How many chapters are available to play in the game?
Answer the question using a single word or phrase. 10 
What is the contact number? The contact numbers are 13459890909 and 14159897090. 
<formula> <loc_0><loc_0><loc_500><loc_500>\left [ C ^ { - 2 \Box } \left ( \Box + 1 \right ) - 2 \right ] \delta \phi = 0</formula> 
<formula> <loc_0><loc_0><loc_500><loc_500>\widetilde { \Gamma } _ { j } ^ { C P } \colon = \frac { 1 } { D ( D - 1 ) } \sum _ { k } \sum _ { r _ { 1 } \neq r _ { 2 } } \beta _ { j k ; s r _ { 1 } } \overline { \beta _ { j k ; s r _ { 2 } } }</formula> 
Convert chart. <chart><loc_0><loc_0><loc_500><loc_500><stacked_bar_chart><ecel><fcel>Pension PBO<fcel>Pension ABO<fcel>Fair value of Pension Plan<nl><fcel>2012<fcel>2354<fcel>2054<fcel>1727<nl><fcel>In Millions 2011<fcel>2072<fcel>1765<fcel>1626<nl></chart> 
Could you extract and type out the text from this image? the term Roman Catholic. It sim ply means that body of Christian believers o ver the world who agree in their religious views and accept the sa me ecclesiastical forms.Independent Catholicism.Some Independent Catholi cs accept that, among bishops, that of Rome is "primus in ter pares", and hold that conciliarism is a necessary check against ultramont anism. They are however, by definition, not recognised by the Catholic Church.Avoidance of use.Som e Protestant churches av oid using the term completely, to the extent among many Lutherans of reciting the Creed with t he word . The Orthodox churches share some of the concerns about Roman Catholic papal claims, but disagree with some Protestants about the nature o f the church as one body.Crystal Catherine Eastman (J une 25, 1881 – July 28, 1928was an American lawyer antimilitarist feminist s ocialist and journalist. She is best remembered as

*Task requirements*: Every line of the data above is to be copied out exactly.

*Result of this exercise*:
How many chapters are available to play in the game?
Answer the question using a single word or phrase. 10 
What is the contact number? The contact numbers are 13459890909 and 14159897090. 
<formula> <loc_0><loc_0><loc_500><loc_500>\left [ C ^ { - 2 \Box } \left ( \Box + 1 \right ) - 2 \right ] \delta \phi = 0</formula> 
<formula> <loc_0><loc_0><loc_500><loc_500>\widetilde { \Gamma } _ { j } ^ { C P } \colon = \frac { 1 } { D ( D - 1 ) } \sum _ { k } \sum _ { r _ { 1 } \neq r _ { 2 } } \beta _ { j k ; s r _ { 1 } } \overline { \beta _ { j k ; s r _ { 2 } } }</formula> 
Convert chart. <chart><loc_0><loc_0><loc_500><loc_500><stacked_bar_chart><ecel><fcel>Pension PBO<fcel>Pension ABO<fcel>Fair value of Pension Plan<nl><fcel>2012<fcel>2354<fcel>2054<fcel>1727<nl><fcel>In Millions 2011<fcel>2072<fcel>1765<fcel>1626<nl></chart> 
Could you extract and type out the text from this image? the term Roman Catholic. It sim ply means that body of Christian believers o ver the world who agree in their religious views and accept the sa me ecclesiastical forms.Independent Catholicism.Some Independent Catholi cs accept that, among bishops, that of Rome is "primus in ter pares", and hold that conciliarism is a necessary check against ultramont anism. They are however, by definition, not recognised by the Catholic Church.Avoidance of use.Som e Protestant churches av oid using the term completely, to the extent among many Lutherans of reciting the Creed with t he word . The Orthodox churches share some of the concerns about Roman Catholic papal claims, but disagree with some Protestants about the nature o f the church as one body.Crystal Catherine Eastman (J une 25, 1881 – July 28, 1928was an American lawyer antimilitarist feminist s ocialist and journalist. She is best remembered as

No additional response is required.